Monday: duck report

April 15, 2019 • 2:30 pm

As usual, there’s never a dull moment at Botany Pond.  As I mentioned in my last report, there were SIX drakes at the pond yesterday. Later in the afternoon, I noticed that some violent fights had broken out among them, with up to three drakes biting each other’s necks in a furious tangle of beaks and wings.

When I went downstairs to see what was going on, I found that a new hen had invaded the pond. She wasn’t Honey, but she was quacking, and I’m sure her presence instigated the fighting. Here she is, I believe with Gregory, the dominant mallard (he had his wings full trying to drive all the other drakes out of the pond.

She’s a quacker! Here she is with her chosen mate (who is clearly two-timing Honey):

That hen wasn’t Honey, as you can tell from this photo. She’s quite plump, too.

After a while, she got in the water with Gregory, and they swam off, but were pursued by another amorous drake. As you can see below, a vicious duckfight ensued, and right on the spot where James and Billzebub battled it out for Honey’s affection last year. You can see this hen jump out of the water before the fight starts, but she eggs on the males (as did Honey last year) by quacking loudly.

The fight begins 54 seconds in:

Gregory won, and the two went off to the bank, where I fed them:

But you never know what will happen next. This morning I watched as two giant Canada geese (Branta canadensis) plopped into the pond. Sure enough, it was old 92P and 88K, the same pair who invaded the pond last year. (These geese mate for life.) They had come back again! Last year they had goslings, and then left early on while the young were still small. I didn’t want that to happen again, so I went down and had a standoff with the geese—not hurting them but confronting them. There was much honking, but they eventually flew away.  I’m afraid I haven’t seen the last of them.

88K is the female, 92P her mate (I know this because I reported their band numbers last year and acquired a Goose Spotting Certificate that gave their sexes and approximate birth dates). I still don’t know about those stiff neck tags (their legs are banded as well). They seem to do fine, but it looks constricting.

Here’s a video of the pair:

15 thoughts on “Monday: duck report

  1. This is all getting pretty neat!
    Maybe we will see 92P and 88K up here-tho’ likely they will not come this far East.

  2. Here she is with her chosen mate (who is clearly two-timing Honey)

    Hey, it happens.

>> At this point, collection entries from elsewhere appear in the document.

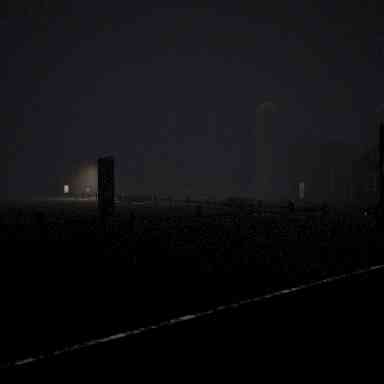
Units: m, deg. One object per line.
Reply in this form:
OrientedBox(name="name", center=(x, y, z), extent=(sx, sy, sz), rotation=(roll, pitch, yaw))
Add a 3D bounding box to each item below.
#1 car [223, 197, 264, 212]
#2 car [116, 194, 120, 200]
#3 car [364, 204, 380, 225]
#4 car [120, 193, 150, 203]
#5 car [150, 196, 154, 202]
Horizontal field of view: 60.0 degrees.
OrientedBox(name="car", center=(5.339, 1.278, 34.916), extent=(1.837, 1.490, 4.892), rotation=(-1, 1, -36))
OrientedBox(name="car", center=(-13.535, 0.905, 66.048), extent=(1.837, 1.490, 4.892), rotation=(-1, 1, -36))
OrientedBox(name="car", center=(13.035, 1.431, 20.823), extent=(2.128, 1.511, 4.902), rotation=(0, 1, -11))
OrientedBox(name="car", center=(-9.671, 1.074, 55.875), extent=(2.033, 1.411, 5.357), rotation=(-1, 1, -35))
OrientedBox(name="car", center=(-8.677, 1.084, 59.318), extent=(1.895, 1.301, 4.718), rotation=(-1, 1, -36))
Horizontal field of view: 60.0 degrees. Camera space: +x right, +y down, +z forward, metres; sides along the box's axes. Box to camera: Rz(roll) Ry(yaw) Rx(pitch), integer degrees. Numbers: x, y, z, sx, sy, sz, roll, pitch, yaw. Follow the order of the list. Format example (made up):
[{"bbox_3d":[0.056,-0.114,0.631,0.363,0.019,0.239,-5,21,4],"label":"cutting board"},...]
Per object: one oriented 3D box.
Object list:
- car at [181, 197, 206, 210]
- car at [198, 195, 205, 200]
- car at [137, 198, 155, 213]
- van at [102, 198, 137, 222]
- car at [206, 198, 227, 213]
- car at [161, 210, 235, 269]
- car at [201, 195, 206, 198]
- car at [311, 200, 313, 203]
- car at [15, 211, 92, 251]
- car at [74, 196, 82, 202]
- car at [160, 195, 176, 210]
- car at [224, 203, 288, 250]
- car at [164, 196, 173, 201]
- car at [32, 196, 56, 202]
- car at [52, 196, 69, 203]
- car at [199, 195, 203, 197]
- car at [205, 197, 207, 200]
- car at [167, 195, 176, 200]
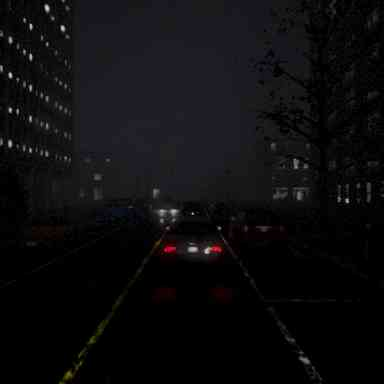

That other Gregory Peck had an extramarital fling with Ingrid Bergman while the two of them were filming Hitchcock’s Spellbound, too.

  3. I’m thinking perhaps the rewards of being king and queen of this pond with its benefits is becoming known and competition for its resources is only going to get more intense.

    1. If you knew how many bands had been issued, that’s a standard statistics exercise. Hypogeometric distribution, if I recall correctly. It’s a standard technique for estimating populations sizes. Mark (for example) 100 of your population and release. Later “recapture” another sample. (“capture” can refer to imaging in a camera, if you can read the tags or otherwise identify individuals) Say it’s another batch of a hundred, and five of them are from your previous marked batch. Estimated population size is 2000.

      Ever seen one of those databases of whale-tail barnacles and the like? Capture-recapture population size estimate in action.

  4. What’s the chance all this hen and the new males are Honey’s offspring from last year? They associate Botany Pond with a reliable source of tasty food! I’d be back too.